Егоров спешил к Феде в больницу, и обсуждать собственное здоровье ему было некогда.

Глава 9

Церемония инаугурации проходила в самом солидном здании города Синедольска, в концертном зале „Ноябрьский“, рассчитанном на тысячу мест. Задник сцены украшала малиново-желтая мозаика, композиция из колосьев, серпов и знамен с кистями. После официальной клятвы, произнесенной медленно, глуховато, с прикрытыми глазами и откинутой назад головой, Григорий Петрович Русов едва заметно надул щеки, тяжело сглотнул, двинув крупным, как кочерыжка, кадыком.

Прямая трансляция шла по местному и по Российскому телевидению. Одна из телекамер нечаянно взяла его лицо слишком крупно, и стали заметны расширенные поры, неприятно блеснули капельки пота на лбу, бросились в глаза свинцовый после нескольких бессонных ночей оттенок кожи, припухлые покрасневшие веки. Видно, не слишком помогла сибирская парная. Григорий Петрович выглядел плохо, и до сих пор оставалась заметной шишка на лбу.

Камера тут же отпрянула, словно обжегшись, и заскользила по залу. В первом ряду, между упругим лысым толстячком банкиром и седовласым красавцем в военной форме с генеральскими погонами, сидела жена новоиспеченного губернатора Вероника Сергеевна. Телекамера с удовольствием, даже с облегчением задержалась на ее лице.

Лицо Вероники Сергеевны было спокойно, как всегда. Большие ясные светло-карие глаза глянули в объектив холодно и грустно. Тонкая белая рука вспорхнула, машинально поправляя шпильку в тяжелом узле на затылке.

На сцену взошел митрополит, дородный, медлительный, хмурый, с пегой густой бородой. Широкие седые брови брезгливо сдвинулись, когда влажные губы губернатора коснулись его руки. Русов поклялся перед Богом работать не щадя себя, на благо народа, бороться за процветание доверенного ему края, огромного, как две Швейцарии, и нищего, как десять воюющих африканских провинций.

Пухлая толстопалая кисть губернатора легла на позолоченный переплет Священного писания.

– Клянусь… – глухо повторил Гриша Русов.

– Во имя Отца и Сына и Святого Духа. Аминь. – Митрополит размашисто осенил крестным знамением склоненную круглую, как у племенного бычка, голову, крепкий подбритый затылок, тут же про себя, не разжимая губ, горячо прошептал: „Прости меня, Господи…“, и, сохраняя солидность, подобающую высокому сану, покинул сцену.
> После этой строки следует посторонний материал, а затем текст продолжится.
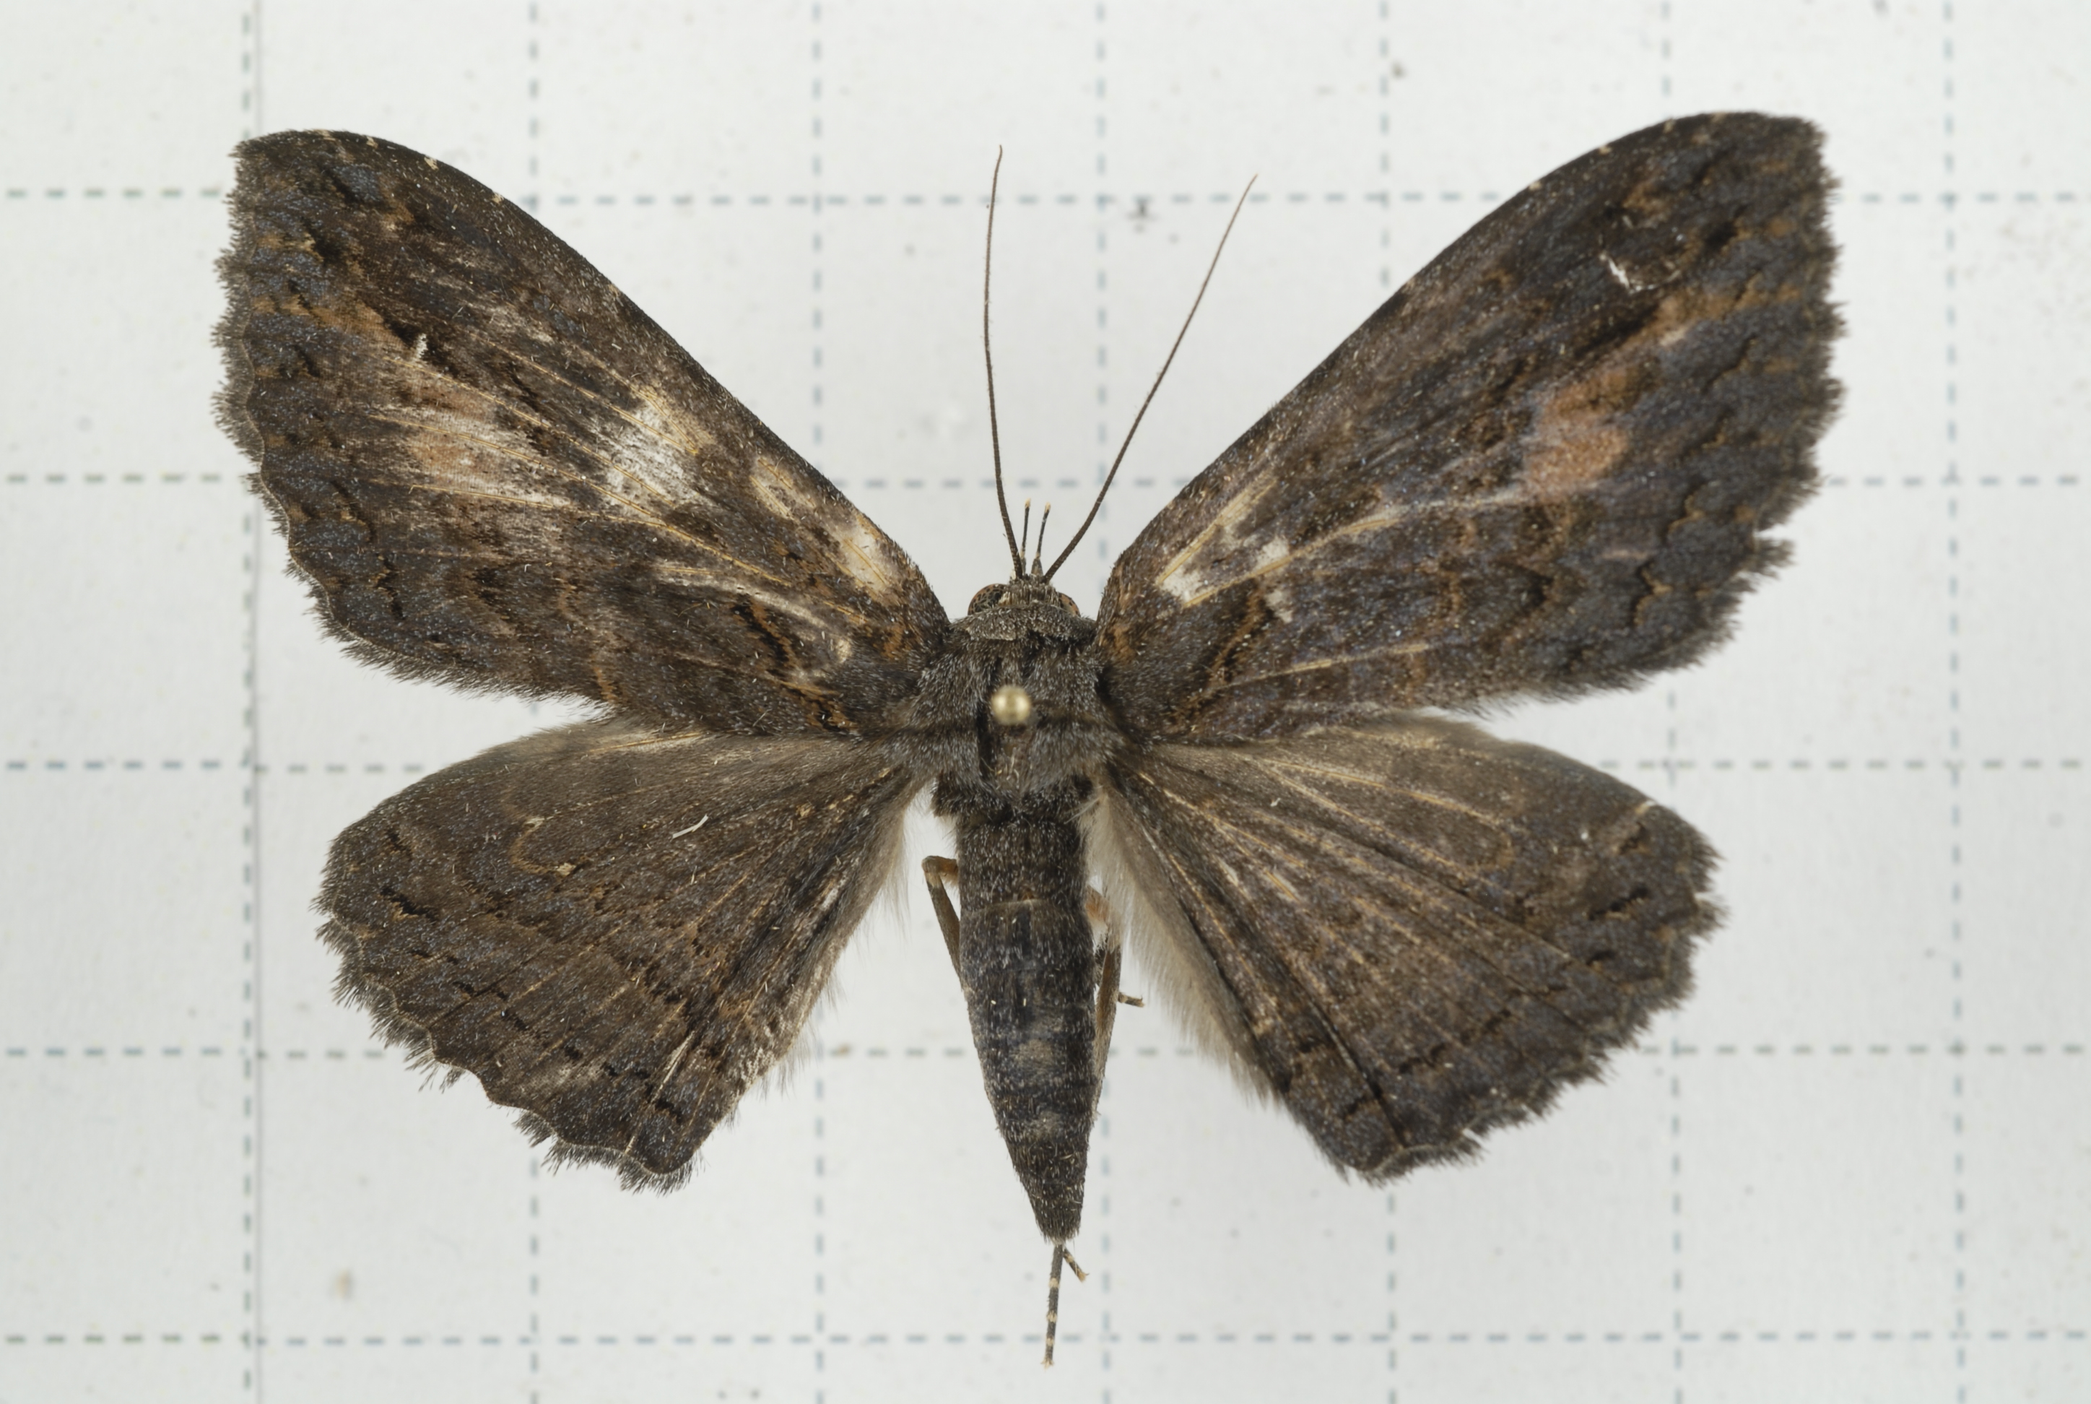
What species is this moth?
Anisoneura salebrosa

Грянули первые аккорды нового гимна России. Тактично погромыхивая стульями, зал встал. Григорий Петрович быстро облизнул губы.

Здоровенный ломоть Сибири, утыканный мертвыми буровыми вышками, заросший тайгой, кособокими дикими деревнями, спецзонами, уголовными пьяными поселками, панельными черно-белыми городами, хранящий в своих холодных недрах нефть, золото, всякие ценные цветные металлы и стратегическое сырье, населенный усталыми, несытыми, жестоко обманутыми, но все еще доверчивыми людьми, теперь принадлежит ему безраздельно.

Григорий Петрович прищуренными острыми глазами резанул по залу. Гимн затих. Несколько секунд тишины, а затем, вкрадчиво зашуршав отдельными хлопками в задних рядах, нарастая к середине зала, тяжело вспухла волна аплодисментов. Хлопали лично Грише.

Все эти чиновники, хитрые дядьки, надменные тетки, пузатые важные бандюги, отцы города, паханы, хозяева крупных банков, директора разоренных заводов и бастующих шахт, нефтяные и угольные короли аплодировали своему удобному, надежному избраннику. Приветствовали законного наследника краевого престола. Некоторые улыбались.

В первом ряду светилось большеглазое бледное лицо Ники. Руки ее рассеянно теребили застежку маленькой сумочки. Она стояла, как все, но ни разу не сдвинула свои узкие ладони. Подбородок приподнят, худые плечи отведены чуть назад.

Он видел, как мягко пульсирует голубая жилка на ее высокой шее, как подрагивает от ветра, поднятого бурными аплодисментами, легкая русая прядь у виска. Он попытался поймать ее ускользающий, тающий в софитовом свете взгляд и не сумел.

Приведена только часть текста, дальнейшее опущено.